Similar to the high-level system architecture diagram of Figure 1, the business processes are
centered about the GIS-based graphical IPE (Item 3). The IPE consists of the graphical job
design, core GIS, and engineering analysis. Within the GIS workspace environment, a designer,
engineer, or planner has access to all relevant information from the WMS, including schedules,
costs, and inventory, as well as the ability to perform engineering analysis and optimization. It is
important to note that from a role-based end-user perspective, there is never any requirement to
leave the GIS environment, all applications are seamlessly embedded into the GIS as though they
were an integral component. This reduces training time and eases the burden of end-user
acceptance. The engineering analysis component allows the end user to identify capacity and
voltage violations and to more appropriately size equipment. (Load flow, motor start, and shortcircuit
analysis are a part of the end-user's daily job function.) The engineering analysis module
also offers the end user optimal switch-order planning and capacitor placement. With the IPE,
the end user is not required to run a batch-mode translator between the different systems, nor is
there any requirement to massage data prior to use. The designs performed using the job design
tool employ corporate standards that are derived from the WMS. Business rules guide the enduser
to make designs that follow corporate and industry standards. As the design has been
performed graphically and is spatially enabled, it enters a proposed state until the construction
has been performed in the field. Using the graphical design also eliminates the need for
numerous draft resources to draw the proposed construction in a manner that is suitable for
archival. A comprehensive job package is automatically generated for crews, including a bill of
materials, job instructions, special instructions, and a detailed construction drawing. Once work
has been completed, the user of the planning environment makes the changes to the proposed
changes to create the as-built changes. At this point, a cost variance can be performed and the
state of the construction is updated within the central facilities repository.

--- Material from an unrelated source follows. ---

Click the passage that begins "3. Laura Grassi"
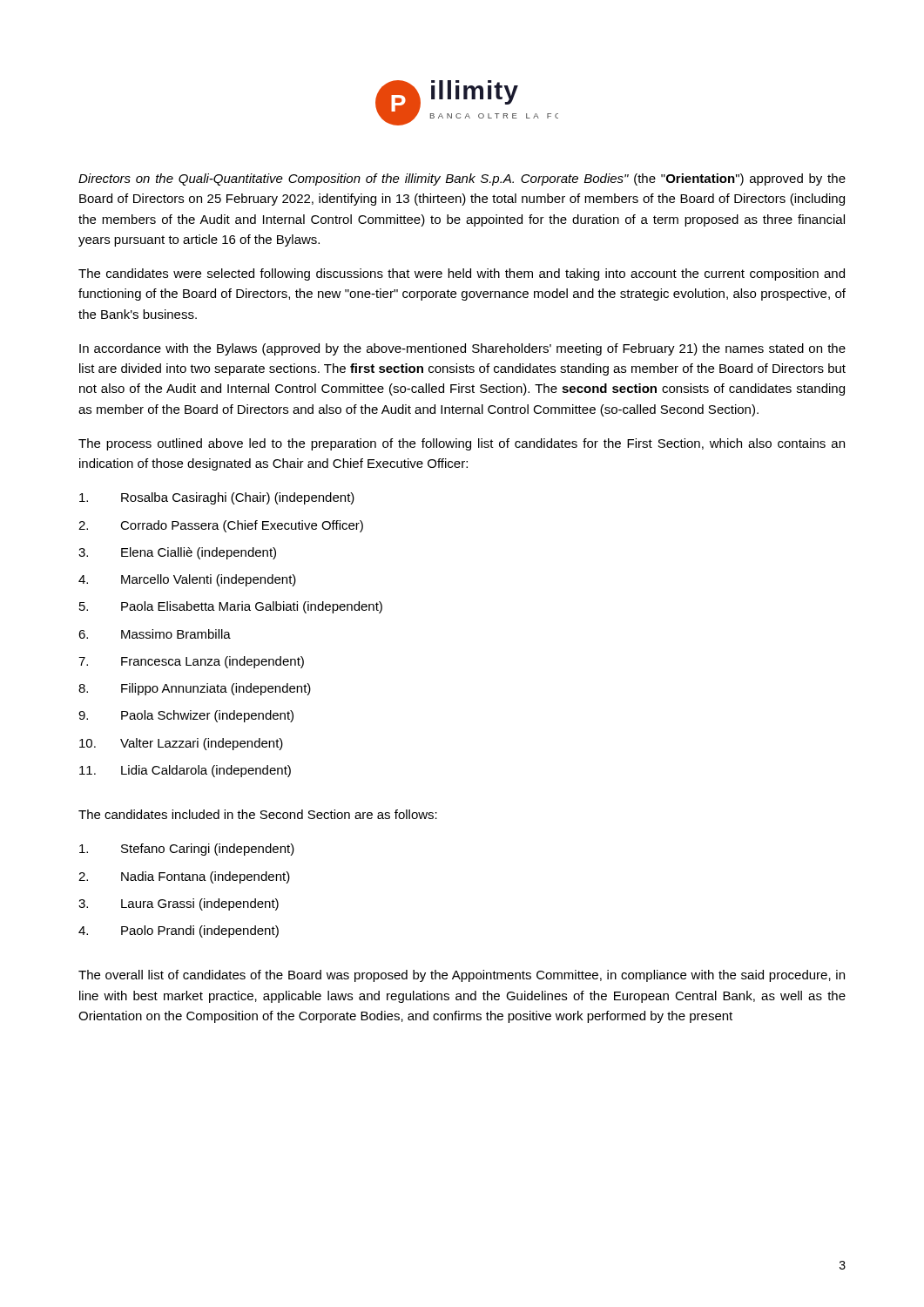924x1307 pixels. (179, 904)
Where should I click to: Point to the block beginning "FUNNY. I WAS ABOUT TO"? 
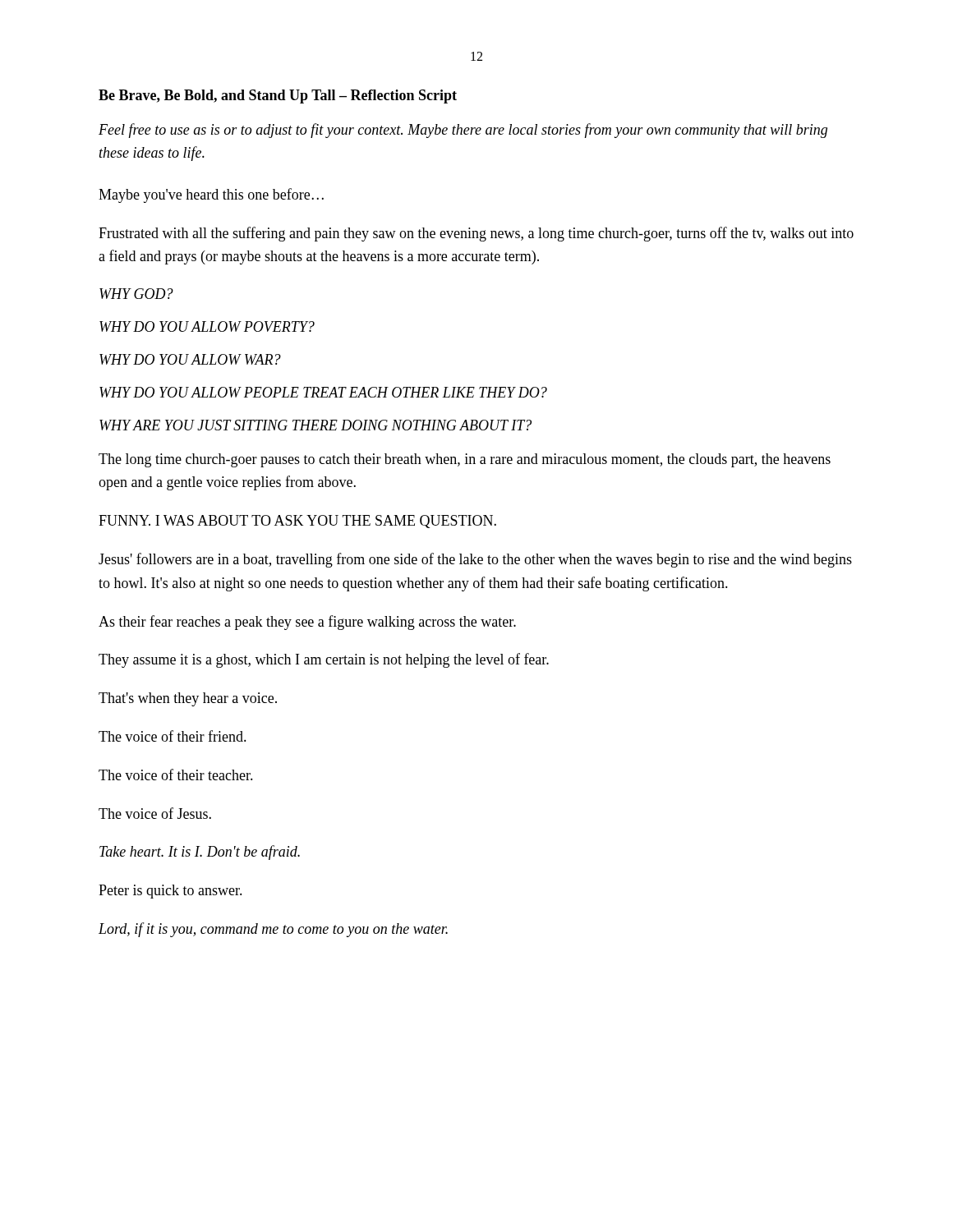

Figure 2: High-Level Relationship between Systems and Business Processes
An important interface is from the WMS/JD system to the warehouse and inventory management
system (Item 4). The purpose of this interface is to enable the resource tasked with planning to
validate material availability and perform material issues and returns for material forecast and
requisitioned bill of materials for a particular job. This interface serves to eliminate frequent and
iterative calls between the planner and the warehouse or the arbitrary substitution of materials by
field crews. The interface between the WMS/JD system and accounting system allows the utility
to capture accounting as well as activity-based work (Item 5). Crews are able to automatically
update as built changes and perform field verification through the WMS (Item 6). Future plans
are to offer the crews considerable WMS functionality through the use of a mobile data system.
Model updates to the outage management system are performed on an incremental basis directly
from the central facilities repository (Item 7).